Introducing the toughest guys in the Super Bowl. If you are thinking it must be the players, you are not even close!
The 53rd Super Bowl on Sunday night witnessed two teams walking out on to the field to contest. And guess what? Supporting them were male cheerleaders!
It was the first time ever that Napoleon Jinnies and Quinton Peron made history when they cheered and grooved on the sidelines with the LA Rams during America’s most-watched TV event, LA Times reported.
Still can’t belive I’m one of the first males in history to be a pro NFL cheerleader! Everyone’s support and love has been insane! 😭 thank you and GO RAMS! @RamsNFL @LARamsCheer #LARams pic.twitter.com/srpkYiVmEI
— Napoleon Jinnies (@NapoleonJinnies) March 27, 2018
The Rams duo became the first male cheerleaders in the NFL earlier this season, along with Jesse Hernandez of the New Orleans Saints
The Rams’ legacy of pioneers literally danced their way into history during the football seasons. Peron is a professional dancer and choreographer. The idea of having male cheerleaders struck him during one Lakers game.
“I’m looking down at the Laker Girls and I thought, ‘Why can’t I do this?’ ” he said.
Jinnies, on the other hand, is a professional dancer and makeup artist who discovered the talent in him with friends dancing alongside him during a Disneyland show.
— Napoleon Jinnies (@NapoleonJinnies) January 29, 2019
“We were just casually talking about auditions and I thought, ‘Why not just show up?’ ” he said.

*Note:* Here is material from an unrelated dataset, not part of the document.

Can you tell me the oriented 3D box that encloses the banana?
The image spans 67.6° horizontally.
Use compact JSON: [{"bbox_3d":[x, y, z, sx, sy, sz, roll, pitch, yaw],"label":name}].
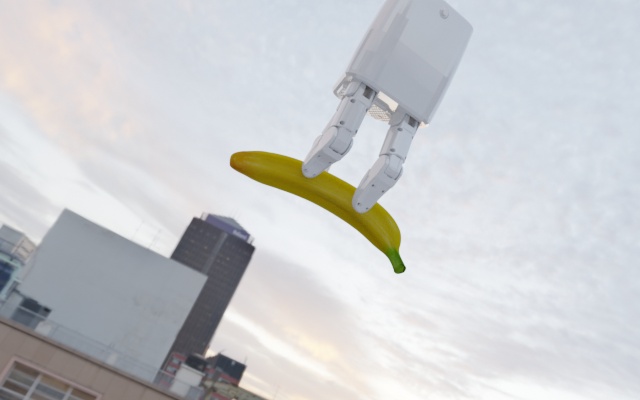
[{"bbox_3d":[0.006,-0.003,0.474,0.198,0.037,0.069,31,22,-1],"label":"banana"}]

When the Rams play the New England Patriots at Mercedes-Benz Stadium, the first male dance-style cheerleaders in the history of the NFL will become the first in the history of the Super Bowl, LA Times reported
“It’s been an upwards journey of excitement,” said Jinnies, 28. “It’s been the perfect season.”
Talking about inclusion, Peron said, “Whatever has been out there we’ve been able to take it, because we know who has our backs. Our family has our backs, our girls have our backs and the city of L.A., they’ve got us.”

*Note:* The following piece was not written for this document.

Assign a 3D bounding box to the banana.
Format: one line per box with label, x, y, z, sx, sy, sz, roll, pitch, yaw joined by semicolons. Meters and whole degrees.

— Rams Cheerleaders (@LARamsCheer) January 28, 2019
“They’re such phenomenal dancers, once people see them dance and perform it changes their mind about what they thought it would be,” said Keely Fimbres, the Rams’ director of cheerleaders and mascot. “Everything just flows.”
It was the first time that any man had tried to make the cheerleading team even though there has never been a rule against it.

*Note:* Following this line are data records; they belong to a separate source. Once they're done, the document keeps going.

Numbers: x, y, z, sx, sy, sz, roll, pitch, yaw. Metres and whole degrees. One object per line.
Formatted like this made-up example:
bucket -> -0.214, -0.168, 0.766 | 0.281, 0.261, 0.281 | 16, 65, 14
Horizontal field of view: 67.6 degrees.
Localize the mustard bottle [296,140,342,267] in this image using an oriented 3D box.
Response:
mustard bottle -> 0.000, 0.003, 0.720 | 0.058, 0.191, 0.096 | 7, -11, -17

“He came home one day and said he was trying out for the Rams cheerleaders and I’m like, ‘They’ll let you do that?’ ” said Peron’s mother, Sherry. “He said, ‘It doesn’t say I can’t.’ So I said, ‘Go for it!’ ”
The men auditioned to be Rams cheerleaders last year and wooed the Rams officials with their dancing and interviewing skills. They quickly made it to the team. “They’re not just incredible men, they’re incredible people,” said Sarah Scheade, one of the team’s five captains. “We thought it would be so special if they could represent our city.”